06/03/2020

Comissão de direitos humanos visita retomadas Guarani Kaiowá e audiência pública trata do acesso à alimentação

Audiência pública trata do tema Em Defesa do Direito Humano à Alimentação Adequada das Comunidades Indígenas do MS

Comissão durante visita aos acampamentos e retomadas Guarani Kaiowá. A missão é produzir um relatório minucioso sobre as violência sofridas pelo povo. Crédito da foto: Mariana Rocha/Canal Pensando na Fronteira

Por Renato Santana, da Assessoria de Comunicação – Cimi

Para dar continuidade ao trabalho de monitoramento de direitos humanos entre as comunidades Guarani Kaiowá localizadas em aldeias, acampamentos e retomadas, uma comissão composta por 18 organizações sociais, além da Defensoria Pública da União (DPU) e Ministério Público Federal (MPF), esteve na tarde desta quinta-feira, 5, no tekoha – lugar onde se é – Guyraroka, em Caarapó (MS), e nas retomadas Yvu Vera e Nhu Vera, uma das quatro localizadas no entorno da Reserva Indígena de Dourados.

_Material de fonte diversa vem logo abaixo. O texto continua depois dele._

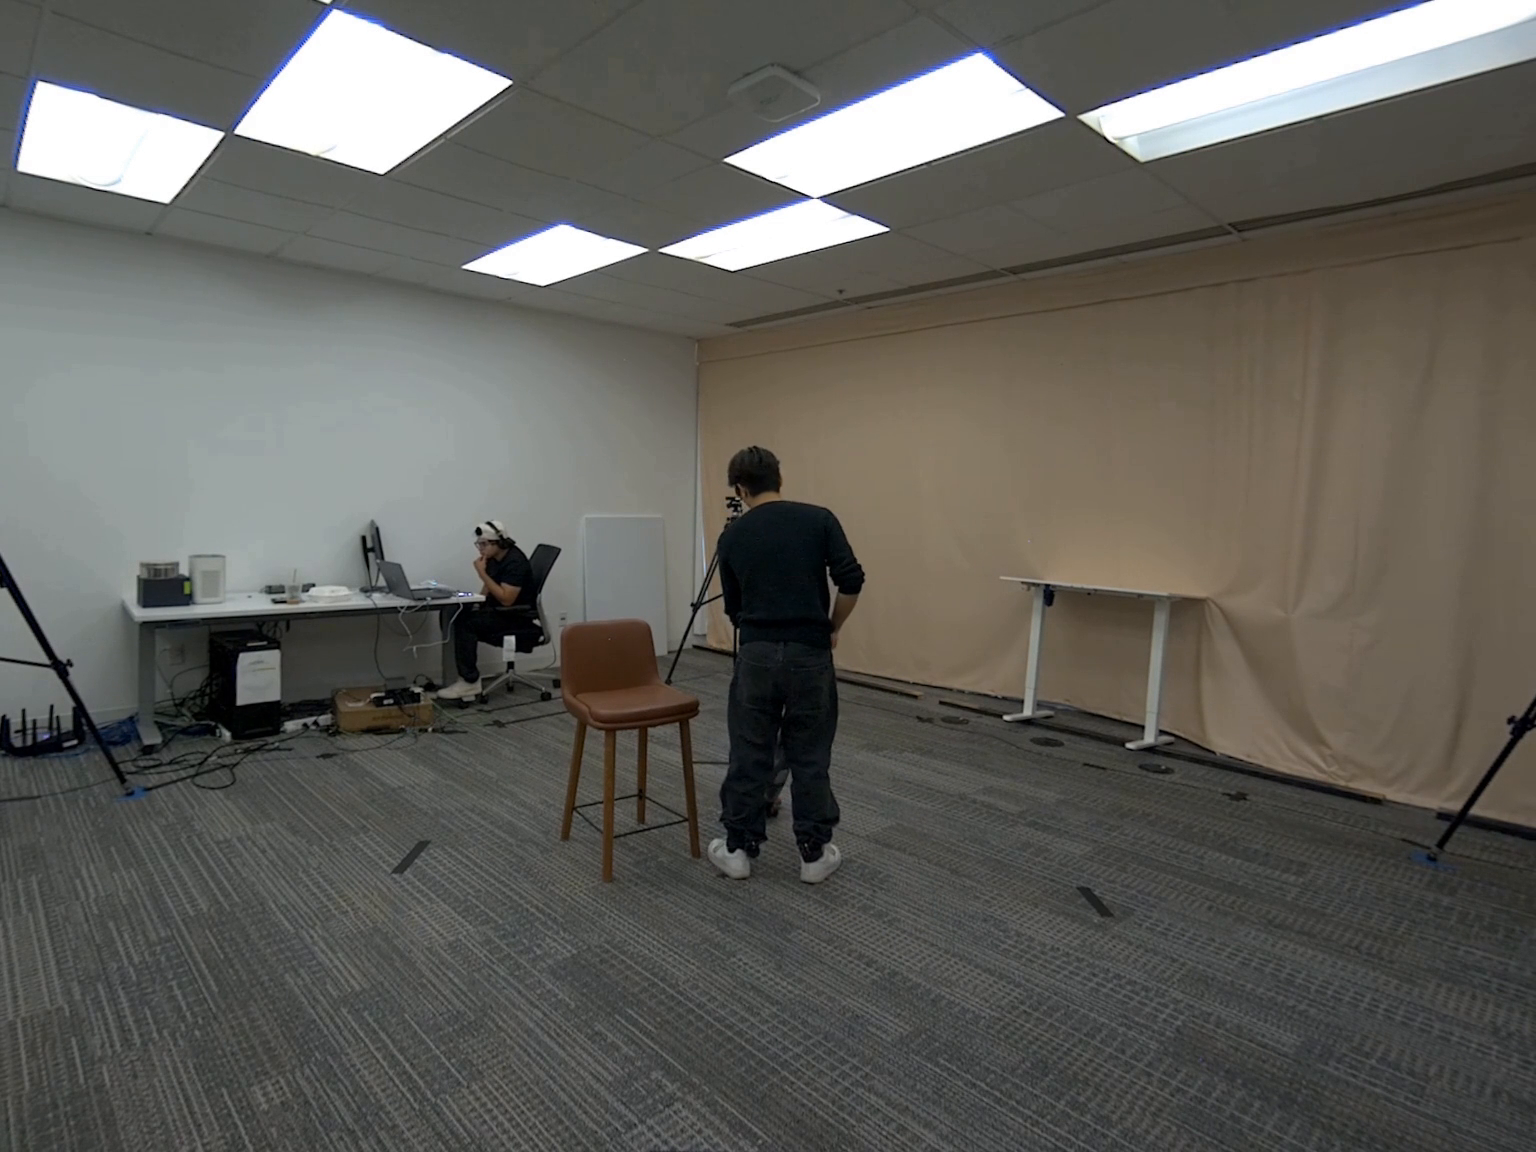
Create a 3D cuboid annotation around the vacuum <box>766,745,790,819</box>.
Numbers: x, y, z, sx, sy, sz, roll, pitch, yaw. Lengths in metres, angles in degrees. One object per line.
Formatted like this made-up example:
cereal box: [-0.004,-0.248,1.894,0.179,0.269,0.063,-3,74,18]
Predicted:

O mesmo grupo visitou, no dia 8 de janeiro, o tekoha Laranjeira Nhanderu, em Rio Brilhante, onde uma Casa de Reza havia sido incendiada de forma criminosa, na virada do ano, e as retomadas limítrofes à Reserva, que entre os dias 2 e 3 de janeiro sofreram intensos ataques se seguranças privados e do Departamento de Operação de Fronteiras (DOF) tendo como resultado sete indígenas feridos, dois com mais gravidade, sendo que um deles perdeu a visão do olho esquerdo, além de um pré-adolescente que teve três dedos de uma das mãos decepados ao manipular uma granada de efeito moral deixada para trás pela polícia.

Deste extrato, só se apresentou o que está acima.